***** EXTRACTED MATERIAL
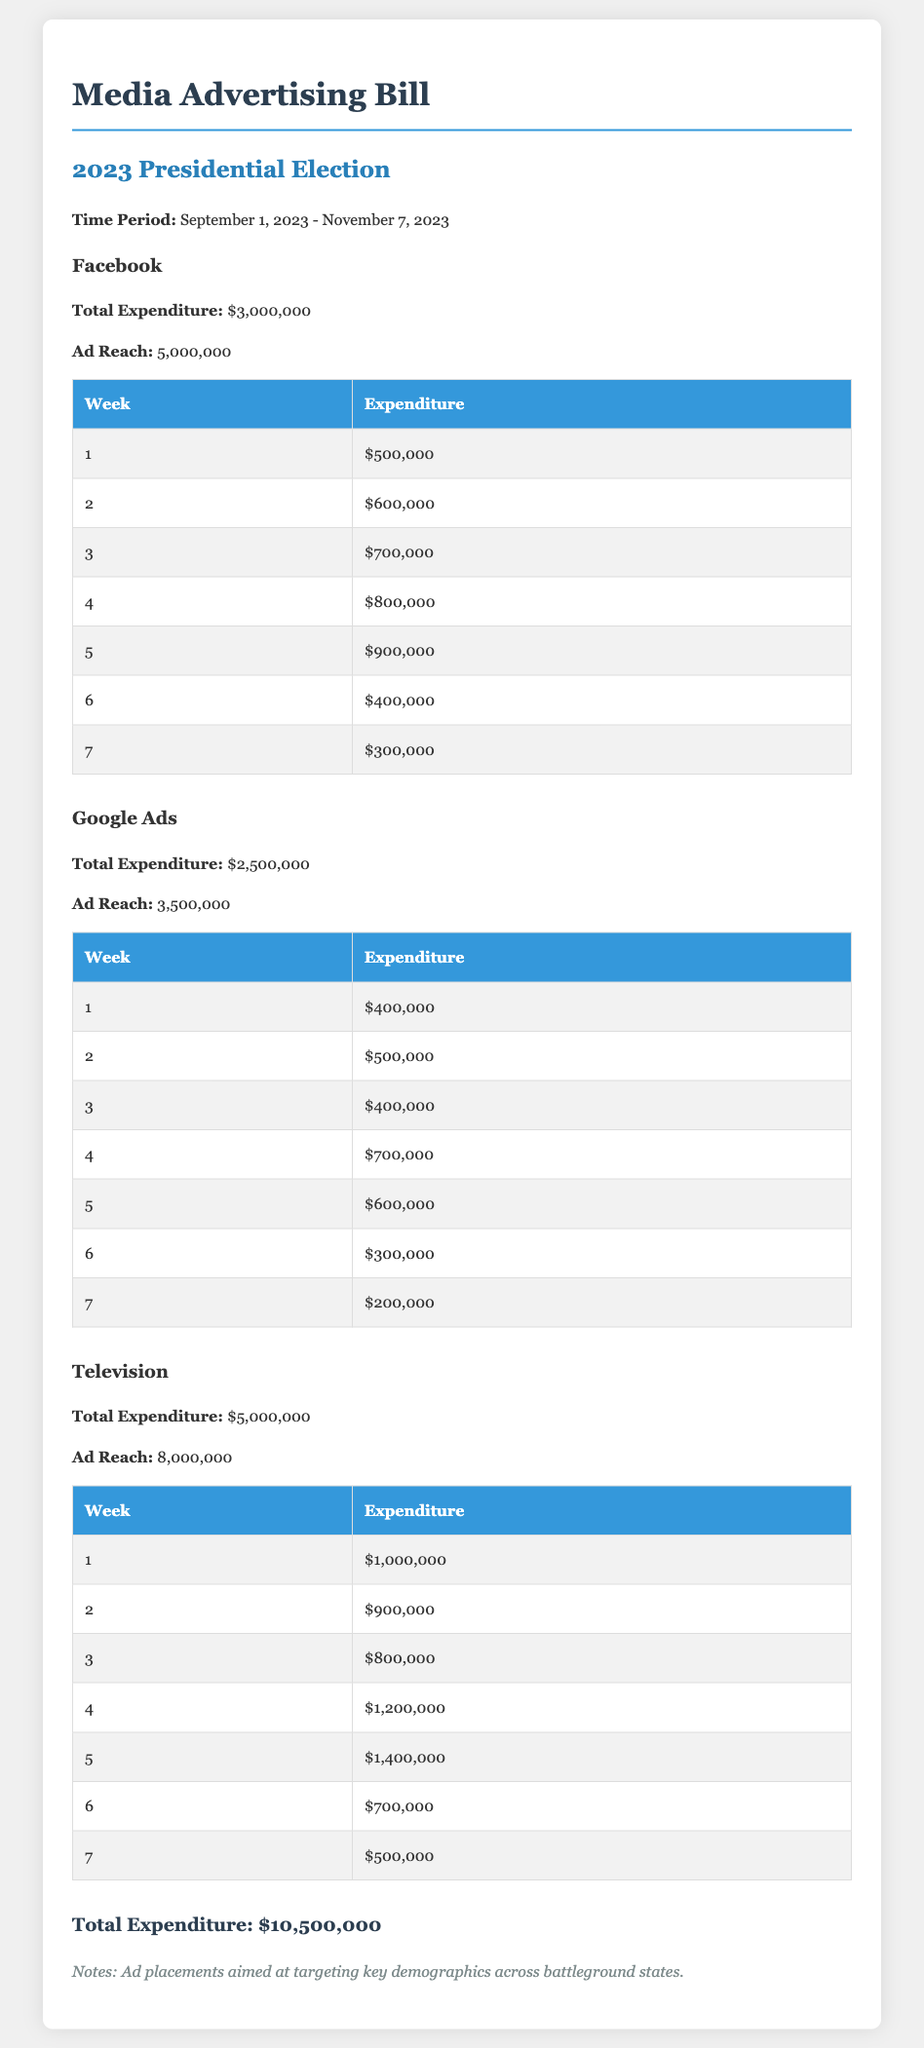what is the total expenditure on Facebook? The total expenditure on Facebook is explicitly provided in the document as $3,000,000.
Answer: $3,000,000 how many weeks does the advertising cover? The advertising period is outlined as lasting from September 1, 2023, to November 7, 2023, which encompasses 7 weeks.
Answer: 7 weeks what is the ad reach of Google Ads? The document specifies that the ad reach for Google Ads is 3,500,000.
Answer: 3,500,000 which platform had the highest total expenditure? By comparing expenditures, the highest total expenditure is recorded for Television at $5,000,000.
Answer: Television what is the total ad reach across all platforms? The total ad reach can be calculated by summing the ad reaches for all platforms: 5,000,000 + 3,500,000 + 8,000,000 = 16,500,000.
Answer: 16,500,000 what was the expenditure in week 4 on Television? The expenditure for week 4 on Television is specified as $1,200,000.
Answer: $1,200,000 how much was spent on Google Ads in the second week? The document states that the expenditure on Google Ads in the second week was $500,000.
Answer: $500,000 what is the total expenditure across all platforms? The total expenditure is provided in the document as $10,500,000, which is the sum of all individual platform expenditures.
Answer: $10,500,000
**********
***** EXTRACTED MATERIAL
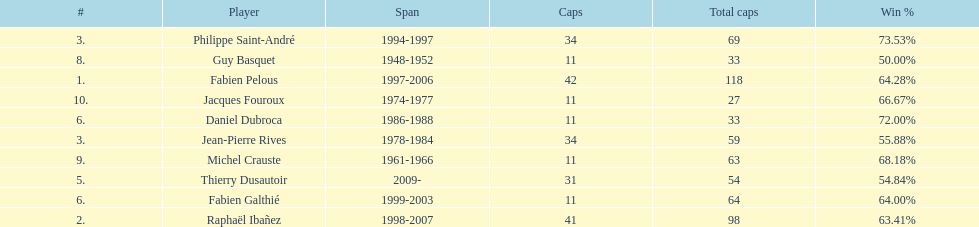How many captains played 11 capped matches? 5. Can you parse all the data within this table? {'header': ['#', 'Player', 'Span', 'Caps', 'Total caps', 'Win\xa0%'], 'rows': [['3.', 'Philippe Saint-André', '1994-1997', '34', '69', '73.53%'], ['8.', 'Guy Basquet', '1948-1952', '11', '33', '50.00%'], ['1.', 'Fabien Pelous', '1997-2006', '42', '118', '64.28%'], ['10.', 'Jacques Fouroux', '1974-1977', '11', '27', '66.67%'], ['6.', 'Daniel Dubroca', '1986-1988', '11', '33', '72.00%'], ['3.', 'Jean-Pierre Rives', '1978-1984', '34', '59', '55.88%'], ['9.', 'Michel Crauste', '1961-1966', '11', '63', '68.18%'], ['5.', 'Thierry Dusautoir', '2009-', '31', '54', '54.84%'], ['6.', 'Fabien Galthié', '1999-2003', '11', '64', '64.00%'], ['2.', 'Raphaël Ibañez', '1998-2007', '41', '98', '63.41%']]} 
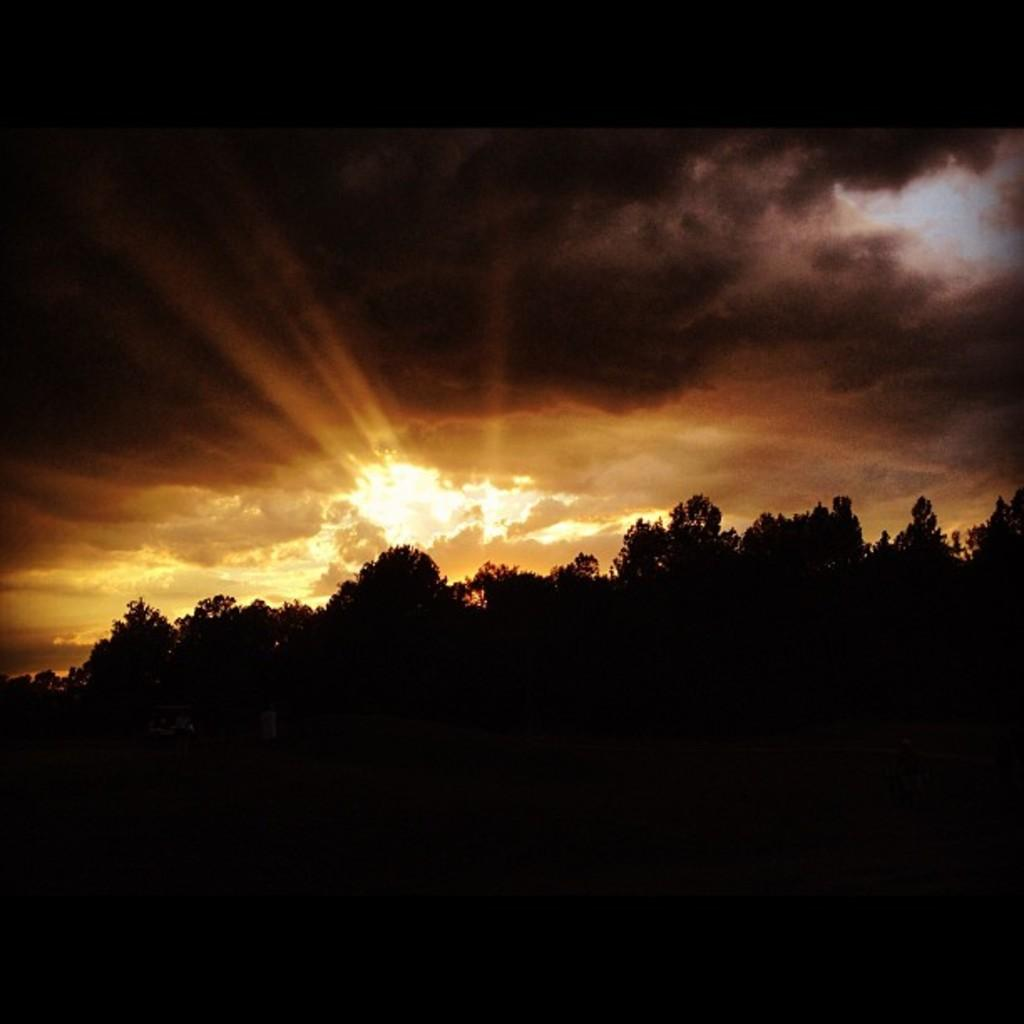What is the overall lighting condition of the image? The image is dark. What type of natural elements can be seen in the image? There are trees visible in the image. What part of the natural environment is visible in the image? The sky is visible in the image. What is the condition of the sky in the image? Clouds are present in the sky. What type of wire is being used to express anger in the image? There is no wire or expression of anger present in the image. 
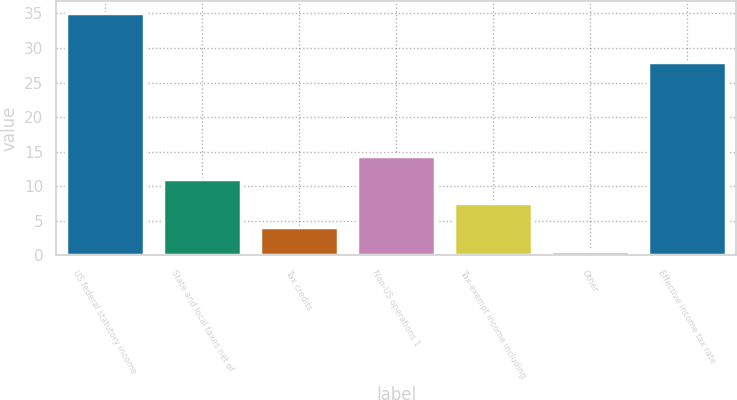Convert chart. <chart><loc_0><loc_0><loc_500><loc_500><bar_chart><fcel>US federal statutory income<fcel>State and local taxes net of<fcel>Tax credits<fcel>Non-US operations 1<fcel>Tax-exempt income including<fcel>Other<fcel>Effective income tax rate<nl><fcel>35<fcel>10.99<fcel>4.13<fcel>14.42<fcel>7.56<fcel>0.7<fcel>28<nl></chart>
**********
***** EXTRACTED MATERIAL
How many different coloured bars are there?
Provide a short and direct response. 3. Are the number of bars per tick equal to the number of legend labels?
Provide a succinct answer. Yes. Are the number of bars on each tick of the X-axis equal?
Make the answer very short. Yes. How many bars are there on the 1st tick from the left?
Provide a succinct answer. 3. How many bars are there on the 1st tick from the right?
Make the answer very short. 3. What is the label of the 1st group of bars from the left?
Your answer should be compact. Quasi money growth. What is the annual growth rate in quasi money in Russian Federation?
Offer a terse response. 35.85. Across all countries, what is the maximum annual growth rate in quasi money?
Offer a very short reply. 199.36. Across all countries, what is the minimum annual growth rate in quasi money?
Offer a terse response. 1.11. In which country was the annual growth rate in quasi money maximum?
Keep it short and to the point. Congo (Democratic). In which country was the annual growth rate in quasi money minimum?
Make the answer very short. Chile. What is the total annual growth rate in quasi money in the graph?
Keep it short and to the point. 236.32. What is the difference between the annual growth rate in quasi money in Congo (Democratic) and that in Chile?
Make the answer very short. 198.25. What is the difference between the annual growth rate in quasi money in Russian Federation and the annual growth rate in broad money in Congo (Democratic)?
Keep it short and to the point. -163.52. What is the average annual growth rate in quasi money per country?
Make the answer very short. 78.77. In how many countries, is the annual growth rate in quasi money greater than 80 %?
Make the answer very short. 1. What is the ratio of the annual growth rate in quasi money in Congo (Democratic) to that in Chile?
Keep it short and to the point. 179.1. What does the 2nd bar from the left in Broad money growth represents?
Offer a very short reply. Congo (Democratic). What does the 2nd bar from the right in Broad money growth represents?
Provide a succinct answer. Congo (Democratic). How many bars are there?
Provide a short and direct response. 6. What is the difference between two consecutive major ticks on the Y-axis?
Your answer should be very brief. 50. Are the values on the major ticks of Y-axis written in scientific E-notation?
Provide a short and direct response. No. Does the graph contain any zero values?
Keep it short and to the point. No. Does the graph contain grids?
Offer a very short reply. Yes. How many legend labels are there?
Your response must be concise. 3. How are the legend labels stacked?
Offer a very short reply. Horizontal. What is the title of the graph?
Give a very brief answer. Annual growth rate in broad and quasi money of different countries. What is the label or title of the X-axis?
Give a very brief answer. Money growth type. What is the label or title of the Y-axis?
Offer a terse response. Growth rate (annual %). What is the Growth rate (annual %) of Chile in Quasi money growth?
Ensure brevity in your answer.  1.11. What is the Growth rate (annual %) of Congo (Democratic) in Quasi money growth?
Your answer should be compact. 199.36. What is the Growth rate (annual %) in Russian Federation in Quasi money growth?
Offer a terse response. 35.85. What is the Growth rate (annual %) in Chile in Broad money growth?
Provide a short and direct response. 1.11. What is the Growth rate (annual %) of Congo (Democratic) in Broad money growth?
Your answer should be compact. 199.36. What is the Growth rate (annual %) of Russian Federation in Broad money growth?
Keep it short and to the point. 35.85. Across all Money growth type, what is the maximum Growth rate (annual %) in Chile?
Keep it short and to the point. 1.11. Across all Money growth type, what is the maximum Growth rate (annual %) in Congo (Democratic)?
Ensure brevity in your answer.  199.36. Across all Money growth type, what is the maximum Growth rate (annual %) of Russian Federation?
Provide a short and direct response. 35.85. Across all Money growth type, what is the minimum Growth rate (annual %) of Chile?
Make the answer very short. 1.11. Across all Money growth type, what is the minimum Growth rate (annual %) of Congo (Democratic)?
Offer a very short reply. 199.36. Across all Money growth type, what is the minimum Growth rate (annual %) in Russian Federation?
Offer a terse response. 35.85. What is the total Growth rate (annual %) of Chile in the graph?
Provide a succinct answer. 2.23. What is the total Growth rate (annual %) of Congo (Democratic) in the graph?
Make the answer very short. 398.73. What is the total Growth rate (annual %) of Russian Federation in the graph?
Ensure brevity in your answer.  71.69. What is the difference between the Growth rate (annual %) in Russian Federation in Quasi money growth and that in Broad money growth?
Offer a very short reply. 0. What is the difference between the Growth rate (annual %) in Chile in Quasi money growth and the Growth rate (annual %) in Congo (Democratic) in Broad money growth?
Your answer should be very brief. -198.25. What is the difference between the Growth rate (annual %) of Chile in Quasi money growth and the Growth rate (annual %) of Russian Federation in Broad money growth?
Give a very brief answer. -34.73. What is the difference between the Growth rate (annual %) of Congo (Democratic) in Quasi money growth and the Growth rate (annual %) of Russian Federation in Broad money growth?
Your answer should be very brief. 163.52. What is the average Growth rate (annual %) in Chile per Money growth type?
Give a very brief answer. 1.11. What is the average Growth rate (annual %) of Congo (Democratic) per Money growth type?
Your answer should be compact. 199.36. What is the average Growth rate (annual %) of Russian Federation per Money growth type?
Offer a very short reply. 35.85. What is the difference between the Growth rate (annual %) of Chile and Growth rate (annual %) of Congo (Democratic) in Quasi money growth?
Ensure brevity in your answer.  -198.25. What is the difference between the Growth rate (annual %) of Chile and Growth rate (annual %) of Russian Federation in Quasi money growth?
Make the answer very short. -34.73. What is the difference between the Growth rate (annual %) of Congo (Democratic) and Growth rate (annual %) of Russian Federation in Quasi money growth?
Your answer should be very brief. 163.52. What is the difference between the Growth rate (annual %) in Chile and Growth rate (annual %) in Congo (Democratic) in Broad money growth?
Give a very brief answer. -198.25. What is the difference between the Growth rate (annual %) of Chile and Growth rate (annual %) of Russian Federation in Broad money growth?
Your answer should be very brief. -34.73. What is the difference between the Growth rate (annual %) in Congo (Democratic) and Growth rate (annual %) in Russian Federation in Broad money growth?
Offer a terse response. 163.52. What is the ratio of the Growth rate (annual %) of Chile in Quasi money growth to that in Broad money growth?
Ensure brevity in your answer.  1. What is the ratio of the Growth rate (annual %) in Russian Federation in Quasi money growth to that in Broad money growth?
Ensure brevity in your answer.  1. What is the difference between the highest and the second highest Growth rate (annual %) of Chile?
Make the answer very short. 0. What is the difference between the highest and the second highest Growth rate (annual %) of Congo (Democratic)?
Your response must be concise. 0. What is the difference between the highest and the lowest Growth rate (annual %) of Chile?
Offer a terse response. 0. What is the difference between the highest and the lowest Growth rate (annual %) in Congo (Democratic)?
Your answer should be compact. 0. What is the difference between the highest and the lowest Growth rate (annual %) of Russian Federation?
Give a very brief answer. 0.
**********
**WORK REQUEST**
Give the exact lines, and only those, from the line containing "Make the answer very short. Yes." through the line containing "Offer a very short reply. 199.36. Across all countries, what" in the entries above.

**RESPONSE TO THIS EXERCISE**
Make the answer very short. Yes. How many bars are there on the 1st tick from the left?
Provide a succinct answer. 3. How many bars are there on the 1st tick from the right?
Make the answer very short. 3. What is the label of the 1st group of bars from the left?
Your answer should be compact. Quasi money growth. What is the annual growth rate in quasi money in Russian Federation?
Offer a terse response. 35.85. Across all countries, what is the maximum annual growth rate in quasi money?
Offer a very short reply. 199.36. Across all countries, what is the minimum annual growth rate in quasi money?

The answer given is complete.